As readers of the blog by now know, I’m always on the lookout for examples of class-action settlements that pay off the lawyers while providing little or no benefit to the members of the putative class. The most recent example is Galloway v. Kansas City Landsmen, LLC (pdf), in which Judge Greg Kays of the U.S. District Court for the Western District of Missouri rejected a coupon-only settlement.

The claim in the case is that the defendants, a number of Budget rental car outlets, violated the Fair and Accurate Credit Transactions Act (FACTA) by failing to truncate credit card numbers and expiration dates on electronically printed receipts. The parties entered into a “claims made” settlement under which class members who submitted claims would receive coupons for use in future car rentals. The coupons would have a 120-day expiration date, be subject to blackout periods, and could not be combined with other coupons, discounts, or promotions. Meanwhile, the defendant agreed to pay $175,000 in attorneys’ fees to class counsel.

Judge Kays concluded that “few class members will likely file claims because the benefit of doing so is not worth the effort.” That was so for two reasons.

First, Judge Kays found that “[a]lthough every class member could receive a coupon, it is a coupon which is generally available to any frugal shopper.” Indeed, he pointed out, “[a] quick search of the internet found comparable coupons for a Budget brand rental car.” Judge Kays further observed that the restrictions on the coupons made them even less valuable than they might at first blush appear. “The coupons have no cash value, and while transferrable, they cannot reasonably be expected to be sold in a secondary market, because no one will buy a coupon if an equivalent is available for free on the internet.”

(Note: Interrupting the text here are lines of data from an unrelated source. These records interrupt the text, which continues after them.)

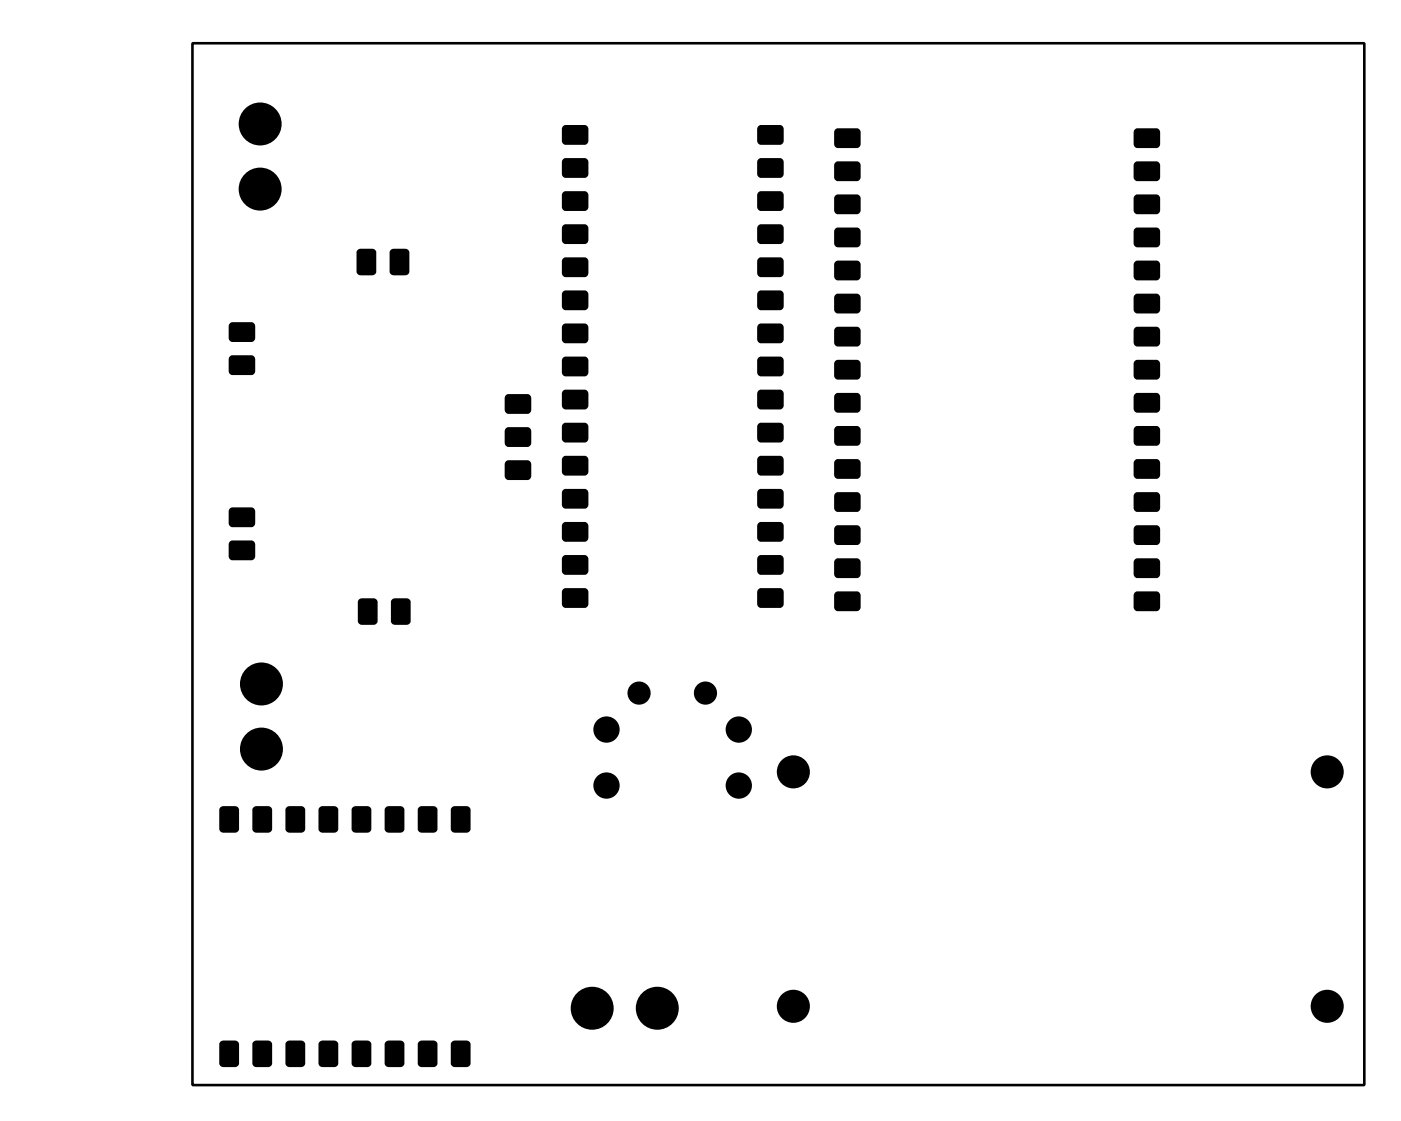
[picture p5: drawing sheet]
<svg xmlns="http://www.w3.org/2000/svg" width="108mm" height="86mm" viewBox="0 0 108 86" stroke-linecap="round" stroke-linejoin="round" font-family="sans-serif">
<g fill="#000">
<path d="M43.2 17.3l.2-.1 1.6 .1 .2 .2-.1 1.1-.2 .1h-1.6l-.2-.3v-.9z" fill-rule="evenodd"/>
<path d="M43.2 14.8l.2-.1h1.6l.2 .3-.1 1.1-.2 .1-1.6-.1-.2-.2v-.9z" fill-rule="evenodd"/>
<path d="M43.2 12.2l.2-.1 1.6 .1 .2 .2-.1 1.1-.2 .2-1.6-.1-.2-.2v-1z" fill-rule="evenodd"/>
<path d="M43.2 9.7l.2-.1h1.6l.2 .3-.1 1.1-.2 .1h-1.6l-.2-.3v-.9z" fill-rule="evenodd"/>
<path d="M58.2 17.3l.2-.1 1.6 .1 .2 .2-.1 1.1-.2 .1h-1.6l-.2-.3v-.9z" fill-rule="evenodd"/>
<path d="M58.2 14.8l.2-.1h1.6l.2 .3-.1 1.1-.2 .1-1.6-.1-.2-.2v-.9z" fill-rule="evenodd"/>
<path d="M58.2 12.2l.2-.1 1.6 .1 .2 .2-.1 1.1-.2 .2-1.6-.1-.2-.2v-1z" fill-rule="evenodd"/>
<path d="M58.2 9.7l.2-.1h1.6l.2 .3-.1 1.1-.2 .1h-1.6l-.2-.3v-.9z" fill-rule="evenodd"/>
<path d="M64.1 17.6l.2-.1h1.7l.1 .3-.1 1.1-.2 .1-1.6-.1-.1-.2v-.9z" fill-rule="evenodd"/>
<path d="M64.1 15l.2-.1 1.7 .1 .1 .2-.1 1.1-.2 .1h-1.6l-.1-.3v-.9z" fill-rule="evenodd"/>
<path d="M64.1 12.5l.2-.1h1.7l.1 .3-.1 1.1-.2 .1h-1.6l-.1-.3v-.9z" fill-rule="evenodd"/>
<path d="M64.1 9.9l.2-.1 1.7 .1 .1 .2-.1 1.1-.2 .2-1.6-.1-.1-.2v-1z" fill-rule="evenodd"/>
<path d="M87.1 17.6l.2-.1h1.7l.1 .3-.1 1.1-.2 .1-1.6-.1-.1-.2v-.9z" fill-rule="evenodd"/>
<path d="M87.1 15l.2-.1 1.7 .1 .1 .2-.1 1.1-.2 .1h-1.6l-.1-.3v-.9z" fill-rule="evenodd"/>
<path d="M87.1 12.5l.2-.1h1.7l.1 .3-.1 1.1-.2 .1h-1.6l-.1-.3v-.9z" fill-rule="evenodd"/>
<path d="M87.1 9.9l.2-.1 1.7 .1 .1 .2-.1 1.1-.2 .2-1.6-.1-.1-.2v-1z" fill-rule="evenodd"/>
<path d="M17.6 24.8l.2-.1 1.7 .1 .1 .2-.1 1.1-.2 .2-1.6-.1-.1-.2v-1z" fill-rule="evenodd"/>
<path d="M17.6 27.4l.2-.1h1.7l.1 .3-.1 1.1-.2 .1-1.6-.1-.1-.2v-.9z" fill-rule="evenodd"/>
<path d="M27.5 19.2l.2-.1h.9l.2 .1 .1 1.7-.1 .2h-1.1l-.3-.1v-1.7z" fill-rule="evenodd"/>
<path d="M30 19.2l.2-.1h.9l.3 .1v1.7l-.1 .2h-1.1l-.2-.1-.1-1.7z" fill-rule="evenodd"/>
<path d="M38.8 32.9l.2-.1h1.7l.1 .3-.1 1.1-.2 .1h-1.6l-.1-.3v-.9z" fill-rule="evenodd"/>
<path d="M38.8 30.3h.2h1.7l.1 .3-.1 1-.2 .2-1.6-.1-.1-.2v-.9z" fill-rule="evenodd"/>
<path d="M38.8 35.4l.2-.1 1.7 .1 .1 .2-.1 1.1-.2 .2-1.6-.1-.1-.2v-1z" fill-rule="evenodd"/>
<path d="M43.2 37.6l.2-.1 1.6 .1 .2 .2-.1 1.1-.2 .2-1.6-.1-.2-.2v-1z" fill-rule="evenodd"/>
<path d="M43.2 35.1l.2-.1h1.6l.2 .3-.1 1.1-.2 .1h-1.6l-.2-.3v-.9z" fill-rule="evenodd"/>
<path d="M43.2 32.5h.2h1.6l.2 .3-.1 1-.2 .2-1.6-.1-.2-.2v-.9z" fill-rule="evenodd"/>
<path d="M43.2 30l.2-.1 1.6 .1 .2 .2-.1 1.1-.2 .1h-1.6l-.2-.3v-.9z" fill-rule="evenodd"/>
<path d="M43.2 27.5l.2-.1h1.6l.2 .3-.1 1.1-.2 .1-1.6-.1-.2-.2v-.9z" fill-rule="evenodd"/>
<path d="M43.2 24.9l.2-.1 1.6 .1 .2 .2-.1 1.1-.2 .2-1.6-.1-.2-.2v-1z" fill-rule="evenodd"/>
<path d="M43.2 22.4l.2-.1h1.6l.2 .3-.1 1.1-.2 .1h-1.6l-.2-.3v-.9z" fill-rule="evenodd"/>
<path d="M43.2 19.8h.2h1.6l.2 .3-.1 1-.2 .2-1.6-.1-.2-.2v-.9z" fill-rule="evenodd"/>
<path d="M58.2 37.6l.2-.1 1.6 .1 .2 .2-.1 1.1-.2 .2-1.6-.1-.2-.2v-1z" fill-rule="evenodd"/>
<path d="M58.2 35.1l.2-.1h1.6l.2 .3-.1 1.1-.2 .1h-1.6l-.2-.3v-.9z" fill-rule="evenodd"/>
<path d="M58.2 32.5h.2h1.6l.2 .3-.1 1-.2 .2-1.6-.1-.2-.2v-.9z" fill-rule="evenodd"/>
<path d="M58.2 30l.2-.1 1.6 .1 .2 .2-.1 1.1-.2 .1h-1.6l-.2-.3v-.9z" fill-rule="evenodd"/>
<path d="M58.2 27.5l.2-.1h1.6l.2 .3-.1 1.1-.2 .1-1.6-.1-.2-.2v-.9z" fill-rule="evenodd"/>
<path d="M58.2 24.9l.2-.1 1.6 .1 .2 .2-.1 1.1-.2 .2-1.6-.1-.2-.2v-1z" fill-rule="evenodd"/>
<path d="M58.2 22.4l.2-.1h1.6l.2 .3-.1 1.1-.2 .1h-1.6l-.2-.3v-.9z" fill-rule="evenodd"/>
<path d="M58.2 19.8h.2h1.6l.2 .3-.1 1-.2 .2-1.6-.1-.2-.2v-.9z" fill-rule="evenodd"/>
<path d="M64.1 37.9l.2-.1h1.7l.1 .3-.1 1.1-.2 .1h-1.6l-.1-.3v-.9z" fill-rule="evenodd"/>
<path d="M64.1 35.3l.2-.1 1.7 .1 .1 .2-.1 1.1-.2 .2-1.6-.1-.1-.2v-1z" fill-rule="evenodd"/>
<path d="M64.1 32.8l.2-.1 1.7 .1 .1 .2-.1 1.1-.2 .1h-1.6l-.1-.3v-.9z" fill-rule="evenodd"/>
<path d="M64.1 30.3l.2-.1h1.7l.1 .3-.1 1.1-.2 .1-1.6-.1-.1-.2v-.9z" fill-rule="evenodd"/>
<path d="M64.1 27.7l.2-.1 1.7 .1 .1 .2-.1 1.1-.2 .1h-1.6l-.1-.3v-.9z" fill-rule="evenodd"/>
<path d="M64.1 25.2l.2-.1h1.7l.1 .3-.1 1.1-.2 .1h-1.6l-.1-.3v-.9z" fill-rule="evenodd"/>
<path d="M64.1 22.6l.2-.1 1.7 .1 .1 .2-.1 1.1-.2 .2-1.6-.1-.1-.2v-1z" fill-rule="evenodd"/>
<path d="M64.1 20.1l.2-.1 1.7 .1 .1 .2-.1 1.1-.2 .1h-1.6l-.1-.3v-.9z" fill-rule="evenodd"/>
<path d="M87.1 37.9l.2-.1h1.7l.1 .3-.1 1.1-.2 .1h-1.6l-.1-.3v-.9z" fill-rule="evenodd"/>
<path d="M87.1 35.3l.2-.1 1.7 .1 .1 .2-.1 1.1-.2 .2-1.6-.1-.1-.2v-1z" fill-rule="evenodd"/>
<path d="M87.1 32.8l.2-.1 1.7 .1 .1 .2-.1 1.1-.2 .1h-1.6l-.1-.3v-.9z" fill-rule="evenodd"/>
<path d="M87.1 30.3l.2-.1h1.7l.1 .3-.1 1.1-.2 .1-1.6-.1-.1-.2v-.9z" fill-rule="evenodd"/>
<path d="M87.1 27.7l.2-.1 1.7 .1 .1 .2-.1 1.1-.2 .1h-1.6l-.1-.3v-.9z" fill-rule="evenodd"/>
<path d="M87.1 25.2l.2-.1h1.7l.1 .3-.1 1.1-.2 .1h-1.6l-.1-.3v-.9z" fill-rule="evenodd"/>
<path d="M87.1 22.6l.2-.1 1.7 .1 .1 .2-.1 1.1-.2 .2-1.6-.1-.1-.2v-1z" fill-rule="evenodd"/>
<path d="M87.1 20.1l.2-.1 1.7 .1 .1 .2-.1 1.1-.2 .1h-1.6l-.1-.3v-.9z" fill-rule="evenodd"/>
<path d="M17.6 39h.2h1.7l.1 .3-.1 1-.2 .2-1.6-.1-.1-.2v-.9z" fill-rule="evenodd"/>
<path d="M17.6 41.6l.2-.1h1.7l.1 .3-.1 1.1-.2 .1h-1.6l-.1-.3v-.9z" fill-rule="evenodd"/>
<path d="M27.6 46l.2-.1h.9l.2 .2 .1 1.6-.1 .2-1.1 .1-.3-.2v-1.6z" fill-rule="evenodd"/>
<path d="M30.1 46l.2-.1h.9l.3 .2v1.6l-.1 .2-1.1 .1-.2-.2-.1-1.6z" fill-rule="evenodd"/>
<path d="M43.2 45.2h.2h1.6l.2 .3-.1 1-.2 .2-1.6-.1-.2-.2v-.9z" fill-rule="evenodd"/>
<path d="M43.2 42.7l.2-.1 1.6 .1 .2 .2-.1 1.1-.2 .1h-1.6l-.2-.3v-.9z" fill-rule="evenodd"/>
<path d="M43.2 40.2l.2-.1h1.6l.2 .3-.1 1.1-.2 .1-1.6-.1-.2-.2v-.9z" fill-rule="evenodd"/>
<path d="M58.2 45.2h.2h1.6l.2 .3-.1 1-.2 .2-1.6-.1-.2-.2v-.9z" fill-rule="evenodd"/>
<path d="M58.2 42.7l.2-.1 1.6 .1 .2 .2-.1 1.1-.2 .1h-1.6l-.2-.3v-.9z" fill-rule="evenodd"/>
<path d="M58.2 40.2l.2-.1h1.6l.2 .3-.1 1.1-.2 .1-1.6-.1-.2-.2v-.9z" fill-rule="evenodd"/>
<path d="M64.1 45.5l.2-.1 1.7 .1 .1 .2-.1 1.1-.2 .1h-1.6l-.1-.3v-.9z" fill-rule="evenodd"/>
<path d="M64.1 43l.2-.1h1.7l.1 .3-.1 1.1-.2 .1-1.6-.1-.1-.2v-.9z" fill-rule="evenodd"/>
<path d="M64.1 40.4l.2-.1 1.7 .1 .1 .2-.1 1.1-.2 .1h-1.6l-.1-.3v-.9z" fill-rule="evenodd"/>
<path d="M87.1 45.5l.2-.1 1.7 .1 .1 .2-.1 1.1-.2 .1h-1.6l-.1-.3v-.9z" fill-rule="evenodd"/>
<path d="M87.1 43l.2-.1h1.7l.1 .3-.1 1.1-.2 .1-1.6-.1-.1-.2v-.9z" fill-rule="evenodd"/>
<path d="M87.1 40.4l.2-.1 1.7 .1 .1 .2-.1 1.1-.2 .1h-1.6l-.1-.3v-.9z" fill-rule="evenodd"/>
<path d="M16.9 62l.2-.1h1l.2 .1 .1 1.7-.2 .2h-1.1l-.2-.1-.1-1.7z" fill-rule="evenodd"/>
<path d="M19.5 62l.2-.1h.9l.2 .1 .1 1.7-.1 .2h-1.1l-.3-.1v-1.7z" fill-rule="evenodd"/>
<path d="M22 62l.2-.1h.9l.3 .1v1.7l-.1 .2h-1.1l-.2-.1-.1-1.7z" fill-rule="evenodd"/>
<path d="M24.5 62l.3-.1h.9l.2 .1 .1 1.7-.2 .2h-1l-.3-.1v-1.7z" fill-rule="evenodd"/>
<path d="M27.1 62l.2-.1h.9l.3 .1v1.7l-.1 .2h-1.1l-.3-.1v-1.7z" fill-rule="evenodd"/>
<path d="M29.6 62l.2-.1h1l.2 .1 .1 1.7-.2 .2h-1.1l-.2-.1-.1-1.7z" fill-rule="evenodd"/>
<path d="M32.2 62l.2-.1h.9l.2 .1 .1 1.7-.1 .2h-1.1l-.3-.1v-1.7z" fill-rule="evenodd"/>
<path d="M34.7 62l.2-.1h.9l.3 .1v1.7l-.1 .2h-1.1l-.2-.1-.1-1.7z" fill-rule="evenodd"/>
<path d="M16.9 80l.2-.1h1l.2 .1 .1 1.7-.2 .2h-1.1l-.2-.1-.1-1.7z" fill-rule="evenodd"/>
<path d="M19.5 80l.2-.1h.9l.2 .1 .1 1.7-.1 .2h-1.1l-.3-.1v-1.7z" fill-rule="evenodd"/>
<path d="M22 80l.2-.1h.9l.3 .1v1.7l-.1 .2h-1.1l-.2-.1-.1-1.7z" fill-rule="evenodd"/>
<path d="M24.5 80l.3-.1h.9l.2 .1 .1 1.7-.2 .2h-1l-.3-.1v-1.7z" fill-rule="evenodd"/>
<path d="M27.1 80l.2-.1h.9l.3 .1v1.7l-.1 .2h-1.1l-.3-.1v-1.7z" fill-rule="evenodd"/>
<path d="M29.6 80l.2-.1h1l.2 .1 .1 1.7-.2 .2h-1.1l-.2-.1-.1-1.7z" fill-rule="evenodd"/>
<path d="M32.2 80l.2-.1h.9l.2 .1 .1 1.7-.1 .2h-1.1l-.3-.1v-1.7z" fill-rule="evenodd"/>
<path d="M34.7 80l.2-.1h.9l.3 .1v1.7l-.1 .2h-1.1l-.2-.1-.1-1.7z" fill-rule="evenodd"/>
<circle cx="20" cy="9.5" r="1.65"/>
<circle cx="20" cy="14.5" r="1.65"/>
<circle cx="20.1" cy="52.5" r="1.65"/>
<circle cx="20.1" cy="57.5" r="1.65"/>
<circle cx="46.6" cy="56" r="1.01"/>
<circle cx="49.1" cy="53.2" r=".89"/>
<circle cx="54.2" cy="53.2" r=".89"/>
<circle cx="56.7" cy="56" r="1.01"/>
<circle cx="60.9" cy="59.3" r="1.27"/>
<circle cx="101.9" cy="59.3" r="1.27"/>
<circle cx="45.5" cy="77.4" r="1.65"/>
<circle cx="46.6" cy="60.3" r="1.01"/>
<circle cx="50.5" cy="77.4" r="1.65"/>
<circle cx="56.7" cy="60.3" r="1.01"/>
<circle cx="60.9" cy="77.3" r="1.27"/>
<circle cx="101.9" cy="77.3" r="1.27"/>
</g>
<path d="M14.8 3.3h90v80h-90z" fill="none" stroke="#000" stroke-width=".2"/>
</svg>

Second, the claims process itself would be a deterrent. Under the settlement, each claimant would have to provide information to prove that he or she made a credit or debit card transaction at one of the defendants’ retail locations during the class period. In addition, each claimant would have to attest to the accuracy of the information provided and might be required to submit additional information. As Judge Kays saw it, “[f]ew class members are likely to rummage through their records to find old credit-card receipts” (assuming they still have them), swear to the viability of their claim, and agree to submit additional information just to receive a run-of-the-mill coupon with a number of restrictions on its use.”

My principal takeaway from this case is that Congress needs to amend FACTA to make it less of a cash cow for entrepreneurial plaintiffs’ lawyers. In most cases, including this one, there is no indication that the failure to truncate card numbers and expirations dates injured anyone. While the goal of reducing identity theft is undeniably an important one, there are ways to accomplish it without threatening the existence of legitimate businesses that have made an innocent mistake; the kinds of massive statutory damages that FACTA class actions threaten—here, between $130 million and $1.3 billion—give plaintiffs’ lawyers too powerful a cudgel to extract a blackmail settlement from defendants.